[Required work]: Which lines in the records below contain the word "track"? Report each of them.

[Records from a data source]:
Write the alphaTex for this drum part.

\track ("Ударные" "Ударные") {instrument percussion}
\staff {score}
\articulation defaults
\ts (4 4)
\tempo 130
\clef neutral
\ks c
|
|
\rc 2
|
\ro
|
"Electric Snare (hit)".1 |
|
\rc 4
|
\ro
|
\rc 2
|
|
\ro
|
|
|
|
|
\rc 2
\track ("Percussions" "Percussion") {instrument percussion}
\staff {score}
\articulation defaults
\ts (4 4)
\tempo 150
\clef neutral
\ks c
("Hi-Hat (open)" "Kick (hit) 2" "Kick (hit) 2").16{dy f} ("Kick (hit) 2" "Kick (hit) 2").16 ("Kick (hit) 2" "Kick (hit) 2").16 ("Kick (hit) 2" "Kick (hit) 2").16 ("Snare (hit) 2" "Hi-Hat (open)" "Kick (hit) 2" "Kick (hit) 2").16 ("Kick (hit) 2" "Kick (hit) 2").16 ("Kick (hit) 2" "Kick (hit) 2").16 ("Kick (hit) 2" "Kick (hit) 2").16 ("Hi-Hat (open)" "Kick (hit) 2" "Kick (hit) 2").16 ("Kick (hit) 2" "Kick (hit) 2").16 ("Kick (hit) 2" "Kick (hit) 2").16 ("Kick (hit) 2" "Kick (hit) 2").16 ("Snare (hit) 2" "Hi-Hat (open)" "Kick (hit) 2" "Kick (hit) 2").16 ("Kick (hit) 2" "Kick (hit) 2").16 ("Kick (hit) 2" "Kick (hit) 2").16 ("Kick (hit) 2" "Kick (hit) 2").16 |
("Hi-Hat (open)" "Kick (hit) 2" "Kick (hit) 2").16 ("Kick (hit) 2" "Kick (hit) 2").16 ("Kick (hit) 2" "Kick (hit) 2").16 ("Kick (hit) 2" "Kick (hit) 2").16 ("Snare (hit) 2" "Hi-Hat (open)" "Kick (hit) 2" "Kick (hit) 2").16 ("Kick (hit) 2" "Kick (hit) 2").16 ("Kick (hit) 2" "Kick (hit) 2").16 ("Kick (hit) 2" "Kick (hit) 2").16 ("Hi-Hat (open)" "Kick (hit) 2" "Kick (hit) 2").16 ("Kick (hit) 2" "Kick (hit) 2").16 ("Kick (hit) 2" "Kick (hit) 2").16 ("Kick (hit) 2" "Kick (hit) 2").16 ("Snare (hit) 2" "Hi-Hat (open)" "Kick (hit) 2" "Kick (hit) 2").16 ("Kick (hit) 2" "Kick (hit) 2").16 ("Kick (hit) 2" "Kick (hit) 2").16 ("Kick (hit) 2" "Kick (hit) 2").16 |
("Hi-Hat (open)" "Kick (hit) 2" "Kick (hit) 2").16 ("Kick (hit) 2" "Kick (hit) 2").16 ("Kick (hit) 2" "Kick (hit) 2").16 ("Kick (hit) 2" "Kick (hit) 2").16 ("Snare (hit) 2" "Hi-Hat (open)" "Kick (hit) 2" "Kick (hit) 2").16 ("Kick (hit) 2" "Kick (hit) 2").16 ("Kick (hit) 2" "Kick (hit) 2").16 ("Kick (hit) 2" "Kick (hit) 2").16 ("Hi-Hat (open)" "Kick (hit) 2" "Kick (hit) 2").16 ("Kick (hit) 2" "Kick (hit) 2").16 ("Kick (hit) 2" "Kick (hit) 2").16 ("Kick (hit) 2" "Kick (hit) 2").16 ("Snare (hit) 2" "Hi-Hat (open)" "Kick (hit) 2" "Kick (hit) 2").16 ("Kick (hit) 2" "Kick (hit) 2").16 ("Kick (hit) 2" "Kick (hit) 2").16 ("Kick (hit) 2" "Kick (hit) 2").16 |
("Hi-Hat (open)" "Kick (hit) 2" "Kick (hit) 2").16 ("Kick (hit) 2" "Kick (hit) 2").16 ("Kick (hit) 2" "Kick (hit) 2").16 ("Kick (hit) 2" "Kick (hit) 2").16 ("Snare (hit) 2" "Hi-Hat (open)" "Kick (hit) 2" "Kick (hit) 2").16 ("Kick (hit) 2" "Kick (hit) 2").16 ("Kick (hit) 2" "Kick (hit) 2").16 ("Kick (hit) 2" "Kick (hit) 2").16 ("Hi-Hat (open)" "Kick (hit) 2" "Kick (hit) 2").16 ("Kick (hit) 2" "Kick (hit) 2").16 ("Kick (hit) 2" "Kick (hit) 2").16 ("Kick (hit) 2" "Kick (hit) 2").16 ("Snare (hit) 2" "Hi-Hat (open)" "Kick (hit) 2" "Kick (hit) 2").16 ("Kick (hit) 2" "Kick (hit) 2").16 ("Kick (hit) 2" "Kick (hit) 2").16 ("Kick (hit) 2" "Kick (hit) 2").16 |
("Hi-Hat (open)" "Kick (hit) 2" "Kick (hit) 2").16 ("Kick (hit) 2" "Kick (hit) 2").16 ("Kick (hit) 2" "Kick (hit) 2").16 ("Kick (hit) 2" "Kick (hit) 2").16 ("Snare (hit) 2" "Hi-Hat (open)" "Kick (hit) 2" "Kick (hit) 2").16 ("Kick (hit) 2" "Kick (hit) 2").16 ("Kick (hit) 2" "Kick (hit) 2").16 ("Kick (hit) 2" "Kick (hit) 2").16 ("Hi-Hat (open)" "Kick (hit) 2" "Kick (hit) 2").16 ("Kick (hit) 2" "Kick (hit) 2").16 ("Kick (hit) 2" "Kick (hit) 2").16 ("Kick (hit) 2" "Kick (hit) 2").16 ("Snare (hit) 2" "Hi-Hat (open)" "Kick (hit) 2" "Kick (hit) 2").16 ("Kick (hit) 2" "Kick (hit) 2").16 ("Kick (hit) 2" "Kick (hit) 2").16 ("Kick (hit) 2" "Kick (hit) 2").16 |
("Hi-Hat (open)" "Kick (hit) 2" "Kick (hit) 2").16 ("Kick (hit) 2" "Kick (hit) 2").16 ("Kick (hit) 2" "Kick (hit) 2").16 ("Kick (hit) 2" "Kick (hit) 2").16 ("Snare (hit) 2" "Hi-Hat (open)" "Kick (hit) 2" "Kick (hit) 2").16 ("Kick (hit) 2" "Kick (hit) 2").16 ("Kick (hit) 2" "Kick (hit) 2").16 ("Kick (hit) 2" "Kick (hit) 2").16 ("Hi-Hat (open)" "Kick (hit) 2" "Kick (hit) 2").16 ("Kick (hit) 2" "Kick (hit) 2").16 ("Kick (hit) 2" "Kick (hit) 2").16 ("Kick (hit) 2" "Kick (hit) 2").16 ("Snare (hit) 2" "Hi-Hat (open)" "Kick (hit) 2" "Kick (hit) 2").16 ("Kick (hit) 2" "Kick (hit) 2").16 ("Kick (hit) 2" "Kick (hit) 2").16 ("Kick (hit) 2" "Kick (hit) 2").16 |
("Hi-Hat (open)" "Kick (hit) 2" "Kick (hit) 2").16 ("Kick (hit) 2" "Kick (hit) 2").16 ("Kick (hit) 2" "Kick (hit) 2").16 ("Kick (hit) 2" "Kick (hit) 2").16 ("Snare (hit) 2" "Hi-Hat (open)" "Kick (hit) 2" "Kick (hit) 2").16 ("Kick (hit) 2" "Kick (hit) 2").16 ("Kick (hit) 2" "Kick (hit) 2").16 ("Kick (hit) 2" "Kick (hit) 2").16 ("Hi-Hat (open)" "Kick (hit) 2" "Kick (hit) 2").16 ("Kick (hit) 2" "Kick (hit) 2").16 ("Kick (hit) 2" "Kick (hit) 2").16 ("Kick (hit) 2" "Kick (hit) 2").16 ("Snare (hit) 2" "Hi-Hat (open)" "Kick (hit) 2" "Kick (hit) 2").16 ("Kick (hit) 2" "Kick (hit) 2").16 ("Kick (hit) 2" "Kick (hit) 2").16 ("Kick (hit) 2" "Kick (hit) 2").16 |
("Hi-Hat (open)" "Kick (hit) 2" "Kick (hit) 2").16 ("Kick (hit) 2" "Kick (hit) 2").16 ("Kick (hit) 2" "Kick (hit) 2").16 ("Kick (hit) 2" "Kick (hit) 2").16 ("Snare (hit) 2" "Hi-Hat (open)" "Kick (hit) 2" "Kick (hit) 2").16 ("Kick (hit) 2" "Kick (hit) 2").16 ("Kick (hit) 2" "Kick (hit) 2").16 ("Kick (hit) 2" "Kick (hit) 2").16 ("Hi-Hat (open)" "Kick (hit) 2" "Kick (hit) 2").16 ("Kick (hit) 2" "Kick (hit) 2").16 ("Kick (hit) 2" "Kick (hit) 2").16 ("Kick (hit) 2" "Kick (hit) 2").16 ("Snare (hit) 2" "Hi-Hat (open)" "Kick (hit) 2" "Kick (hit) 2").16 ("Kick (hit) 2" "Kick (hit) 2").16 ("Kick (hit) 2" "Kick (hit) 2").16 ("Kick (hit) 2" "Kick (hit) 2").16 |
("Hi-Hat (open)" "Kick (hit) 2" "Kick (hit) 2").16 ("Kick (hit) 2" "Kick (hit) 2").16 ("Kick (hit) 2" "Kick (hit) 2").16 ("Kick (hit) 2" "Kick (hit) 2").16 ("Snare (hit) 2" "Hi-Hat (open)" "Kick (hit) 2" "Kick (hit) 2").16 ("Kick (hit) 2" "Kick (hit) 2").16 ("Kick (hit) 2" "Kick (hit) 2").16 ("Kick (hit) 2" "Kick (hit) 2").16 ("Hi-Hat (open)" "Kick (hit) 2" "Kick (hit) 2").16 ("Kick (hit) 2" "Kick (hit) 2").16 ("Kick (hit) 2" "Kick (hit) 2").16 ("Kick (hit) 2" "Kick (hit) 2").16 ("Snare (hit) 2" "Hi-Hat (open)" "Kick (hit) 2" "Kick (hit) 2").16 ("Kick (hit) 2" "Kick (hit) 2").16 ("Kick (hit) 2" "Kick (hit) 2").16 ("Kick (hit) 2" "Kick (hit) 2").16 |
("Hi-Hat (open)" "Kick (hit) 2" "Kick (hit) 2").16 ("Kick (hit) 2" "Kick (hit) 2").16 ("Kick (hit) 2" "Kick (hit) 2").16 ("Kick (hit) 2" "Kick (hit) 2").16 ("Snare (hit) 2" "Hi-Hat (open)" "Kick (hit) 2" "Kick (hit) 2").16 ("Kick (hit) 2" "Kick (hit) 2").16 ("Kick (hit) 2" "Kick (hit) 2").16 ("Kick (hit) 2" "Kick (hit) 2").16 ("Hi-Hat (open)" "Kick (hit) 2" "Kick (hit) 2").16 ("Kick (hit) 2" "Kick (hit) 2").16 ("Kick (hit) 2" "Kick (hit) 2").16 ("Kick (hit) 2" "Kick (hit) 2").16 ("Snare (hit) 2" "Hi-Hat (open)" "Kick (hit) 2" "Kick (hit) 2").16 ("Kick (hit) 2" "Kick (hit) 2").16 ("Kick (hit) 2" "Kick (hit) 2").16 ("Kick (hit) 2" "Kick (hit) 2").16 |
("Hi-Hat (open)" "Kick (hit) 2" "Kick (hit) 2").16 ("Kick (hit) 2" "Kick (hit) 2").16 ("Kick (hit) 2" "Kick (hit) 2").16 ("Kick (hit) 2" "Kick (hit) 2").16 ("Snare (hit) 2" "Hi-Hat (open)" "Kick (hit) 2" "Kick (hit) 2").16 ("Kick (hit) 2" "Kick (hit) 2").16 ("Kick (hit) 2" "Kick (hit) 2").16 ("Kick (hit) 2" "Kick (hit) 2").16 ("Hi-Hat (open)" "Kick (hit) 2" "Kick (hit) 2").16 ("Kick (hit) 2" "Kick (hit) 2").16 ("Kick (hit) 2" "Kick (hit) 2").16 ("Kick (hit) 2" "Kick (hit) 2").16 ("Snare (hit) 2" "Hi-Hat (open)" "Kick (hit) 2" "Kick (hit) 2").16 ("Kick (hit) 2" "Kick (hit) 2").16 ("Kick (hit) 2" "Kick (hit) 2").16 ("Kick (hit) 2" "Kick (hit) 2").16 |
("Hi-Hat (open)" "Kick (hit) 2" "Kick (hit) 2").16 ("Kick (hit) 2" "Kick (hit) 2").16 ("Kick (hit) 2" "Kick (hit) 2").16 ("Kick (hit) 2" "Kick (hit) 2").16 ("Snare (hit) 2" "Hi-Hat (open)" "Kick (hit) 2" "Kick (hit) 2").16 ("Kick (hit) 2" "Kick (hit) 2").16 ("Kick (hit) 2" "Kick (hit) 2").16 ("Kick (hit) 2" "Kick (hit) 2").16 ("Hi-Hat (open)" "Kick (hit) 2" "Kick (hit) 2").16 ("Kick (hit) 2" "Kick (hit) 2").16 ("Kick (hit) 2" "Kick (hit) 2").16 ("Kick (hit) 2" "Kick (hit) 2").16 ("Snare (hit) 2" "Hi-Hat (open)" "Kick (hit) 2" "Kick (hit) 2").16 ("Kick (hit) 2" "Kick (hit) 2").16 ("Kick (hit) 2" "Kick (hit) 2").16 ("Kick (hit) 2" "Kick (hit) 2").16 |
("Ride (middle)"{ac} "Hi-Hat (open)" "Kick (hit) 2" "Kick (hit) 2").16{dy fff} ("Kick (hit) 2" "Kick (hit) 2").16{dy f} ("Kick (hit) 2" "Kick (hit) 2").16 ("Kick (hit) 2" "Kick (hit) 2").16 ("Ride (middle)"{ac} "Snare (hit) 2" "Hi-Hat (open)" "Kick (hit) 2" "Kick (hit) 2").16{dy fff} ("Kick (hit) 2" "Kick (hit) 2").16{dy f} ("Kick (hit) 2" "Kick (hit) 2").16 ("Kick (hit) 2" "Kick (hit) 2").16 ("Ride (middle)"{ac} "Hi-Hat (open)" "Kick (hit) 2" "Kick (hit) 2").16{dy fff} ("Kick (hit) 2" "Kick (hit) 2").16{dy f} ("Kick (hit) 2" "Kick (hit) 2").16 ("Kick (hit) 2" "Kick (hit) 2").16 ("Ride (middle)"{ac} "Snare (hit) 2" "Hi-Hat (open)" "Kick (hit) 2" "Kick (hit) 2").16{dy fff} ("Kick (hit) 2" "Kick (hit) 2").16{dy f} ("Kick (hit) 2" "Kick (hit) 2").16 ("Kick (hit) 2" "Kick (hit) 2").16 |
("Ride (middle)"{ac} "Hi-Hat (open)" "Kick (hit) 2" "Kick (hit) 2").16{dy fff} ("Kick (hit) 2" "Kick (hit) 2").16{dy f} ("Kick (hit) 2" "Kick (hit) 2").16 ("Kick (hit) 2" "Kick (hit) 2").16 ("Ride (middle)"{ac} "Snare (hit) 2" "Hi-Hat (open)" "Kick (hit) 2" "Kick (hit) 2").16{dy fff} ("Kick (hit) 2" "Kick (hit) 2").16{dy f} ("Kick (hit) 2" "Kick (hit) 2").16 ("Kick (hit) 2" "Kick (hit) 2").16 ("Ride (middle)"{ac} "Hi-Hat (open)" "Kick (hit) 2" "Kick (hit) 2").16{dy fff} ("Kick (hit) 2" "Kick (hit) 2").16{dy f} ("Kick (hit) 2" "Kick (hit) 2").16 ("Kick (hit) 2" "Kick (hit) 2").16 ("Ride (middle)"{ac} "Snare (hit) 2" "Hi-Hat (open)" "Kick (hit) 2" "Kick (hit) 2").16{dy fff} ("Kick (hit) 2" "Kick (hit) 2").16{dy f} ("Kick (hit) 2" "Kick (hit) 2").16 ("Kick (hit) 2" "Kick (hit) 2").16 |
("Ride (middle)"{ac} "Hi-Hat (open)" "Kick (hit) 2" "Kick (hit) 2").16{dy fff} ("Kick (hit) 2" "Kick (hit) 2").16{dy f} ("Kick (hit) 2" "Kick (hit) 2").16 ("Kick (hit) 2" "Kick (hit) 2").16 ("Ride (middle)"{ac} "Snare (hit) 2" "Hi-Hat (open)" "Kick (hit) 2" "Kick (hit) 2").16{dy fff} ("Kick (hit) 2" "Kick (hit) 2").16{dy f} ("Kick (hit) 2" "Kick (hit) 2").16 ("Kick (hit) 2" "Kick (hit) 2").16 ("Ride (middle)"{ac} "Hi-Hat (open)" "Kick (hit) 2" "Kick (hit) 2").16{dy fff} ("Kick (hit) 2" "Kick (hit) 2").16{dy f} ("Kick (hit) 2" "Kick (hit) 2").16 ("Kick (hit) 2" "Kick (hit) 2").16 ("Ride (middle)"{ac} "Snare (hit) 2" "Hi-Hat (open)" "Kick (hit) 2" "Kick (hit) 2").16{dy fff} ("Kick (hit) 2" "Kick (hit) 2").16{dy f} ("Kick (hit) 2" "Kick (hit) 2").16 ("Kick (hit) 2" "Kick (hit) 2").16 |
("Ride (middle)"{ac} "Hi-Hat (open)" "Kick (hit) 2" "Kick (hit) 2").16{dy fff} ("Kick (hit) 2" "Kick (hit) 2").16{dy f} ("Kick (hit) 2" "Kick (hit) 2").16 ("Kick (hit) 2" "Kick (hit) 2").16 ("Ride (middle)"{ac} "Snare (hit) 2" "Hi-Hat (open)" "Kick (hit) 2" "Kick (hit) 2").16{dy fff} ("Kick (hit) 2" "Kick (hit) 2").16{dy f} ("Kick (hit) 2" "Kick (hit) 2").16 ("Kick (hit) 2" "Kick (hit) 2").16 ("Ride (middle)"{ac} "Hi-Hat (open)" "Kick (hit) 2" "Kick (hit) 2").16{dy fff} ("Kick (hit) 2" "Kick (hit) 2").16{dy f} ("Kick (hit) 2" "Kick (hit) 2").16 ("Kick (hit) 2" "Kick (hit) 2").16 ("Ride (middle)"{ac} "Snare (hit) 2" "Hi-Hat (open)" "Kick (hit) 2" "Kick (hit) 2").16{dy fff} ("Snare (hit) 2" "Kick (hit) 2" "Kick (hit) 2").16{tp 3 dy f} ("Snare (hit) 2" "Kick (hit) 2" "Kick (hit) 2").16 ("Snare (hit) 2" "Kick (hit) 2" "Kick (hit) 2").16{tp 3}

[Exercise result]:
\track ("Ударные" "Ударные") {instrument percussion}
\track ("Percussions" "Percussion") {instrument percussion}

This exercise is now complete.